Like most motorists, one thing you dread is looking in the rearview mirror while driving and seeing flashing lights right behind your vehicle. While this might be a major annoyance on any other day, if you had a beer, a glass or wine, or a cocktail before getting behind the wheel the sigh of those lights can be downright terrifying. In those few seconds it takes you to pull over to the side of the road and turn off your vehicle a myriad of negative images may flash through your mind, including a jail cell, the loss of your job, and the loss if your driving privileges if you are convicted for driving under the influence, or DUI. What you need to be concentrating on, however, if your DUI defense. Whether you realize it or not, your DUI defense starts during your DUI stop. Everything you do from the moment you see the lights in your rearview mirror until the time you are dropped off at the county jail is important and can help, or hinder, your defense. What can you do to help your DUI defense? The following tips are a good place to start.
- Do not panic. When people panic they tend to do things that increase the odds of going to jail.

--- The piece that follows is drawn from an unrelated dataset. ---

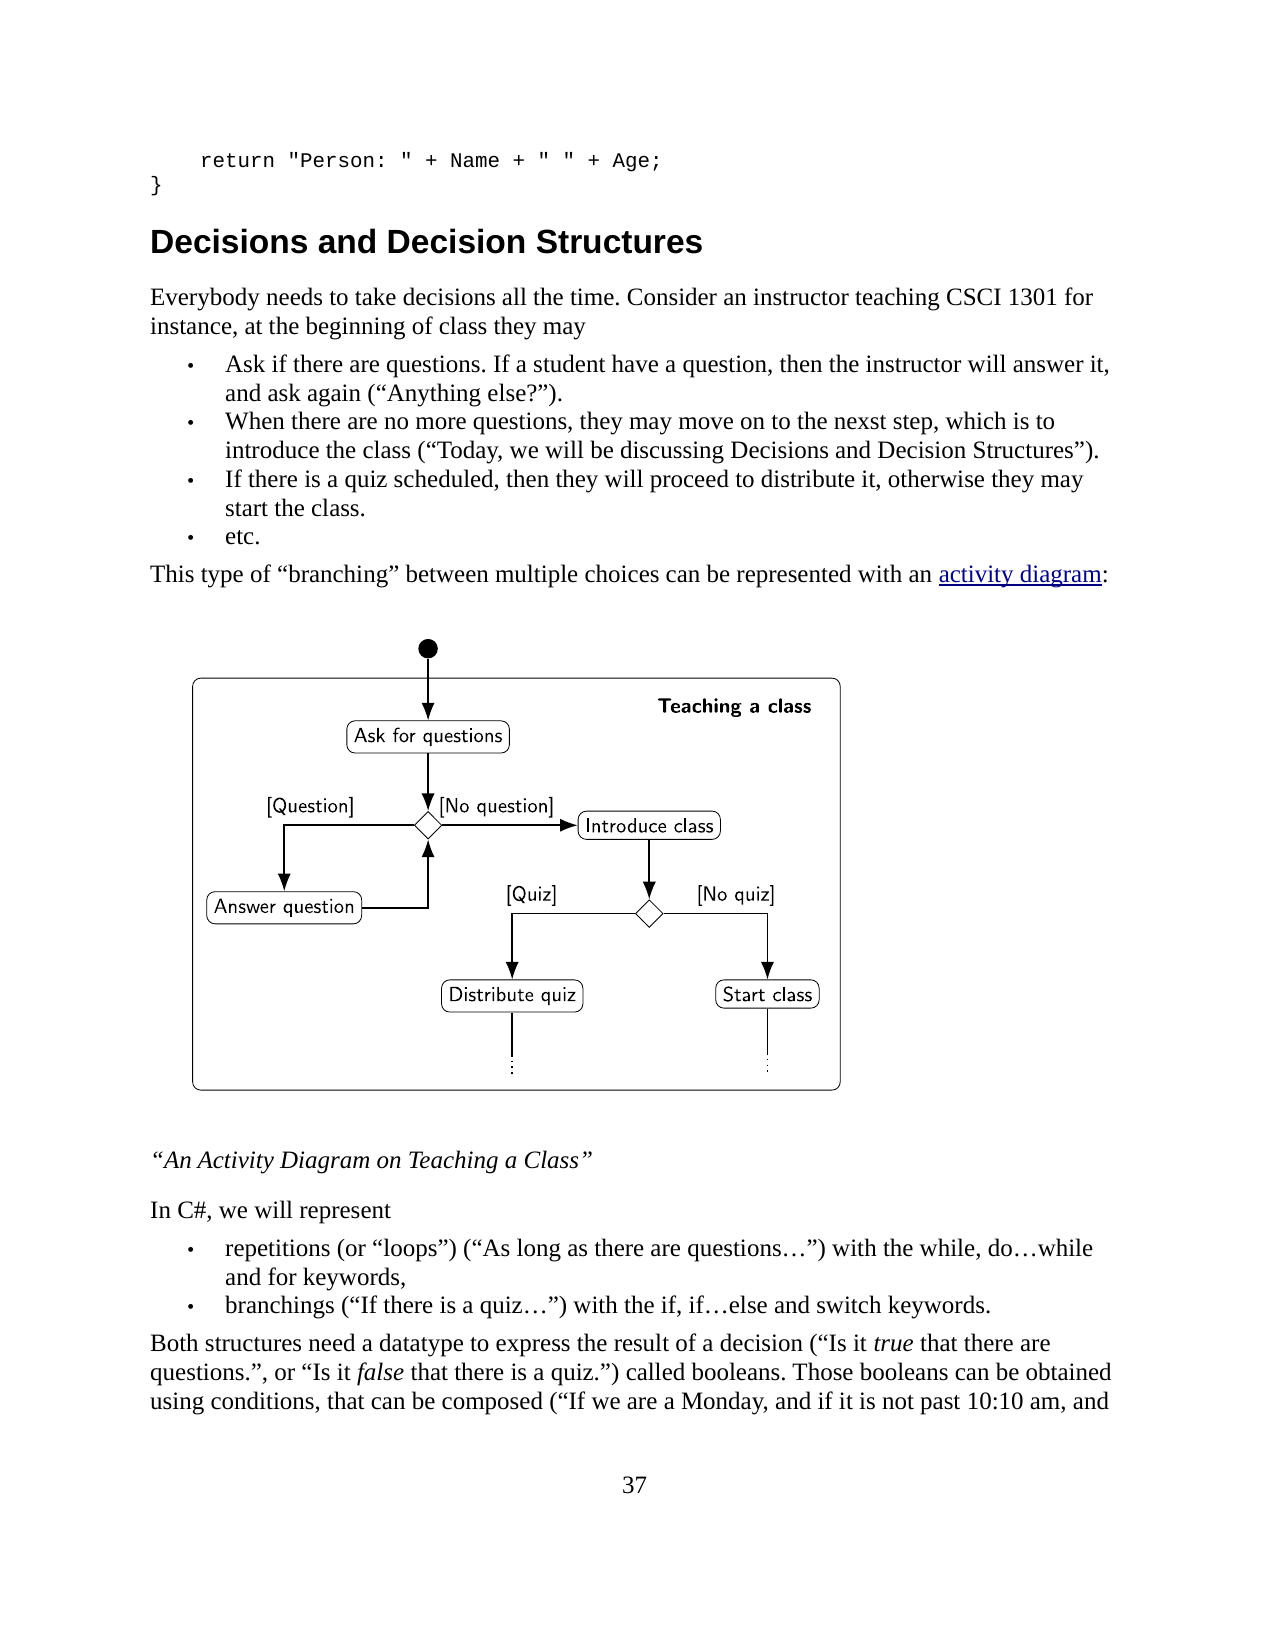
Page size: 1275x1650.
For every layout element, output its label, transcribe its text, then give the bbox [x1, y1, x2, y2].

- Do not hesitate to pull over. Even driving an extra block while deciding how to handle the situation could be viewed as a sign of your intoxication – or worse, that you are fleeing.
- Do not be disrespectful to the officer. First, a law enforcement officer is just doing his/her job. Second, the arresting officer has a good deal of discretion in how a DUI stop is handled, how it is concluded, and what the final disposition of the case is. Making an enemy of the officer, or even standing out in his/her mind, is unlikely to help your situation.
- Do not admit to consuming alcohol. This one is a bit tricky. Don’t lie to the officer; however, don’t admit to drinking alcohol before you got behind the wheel either. When a law enforcement officer hears a motorist say “I had one beer/glass of wine with dinner” the officer automatically assumes you mean “I had a six pack/bottle of wine.” Avoid admitting that you consumed any alcohol if at all possible.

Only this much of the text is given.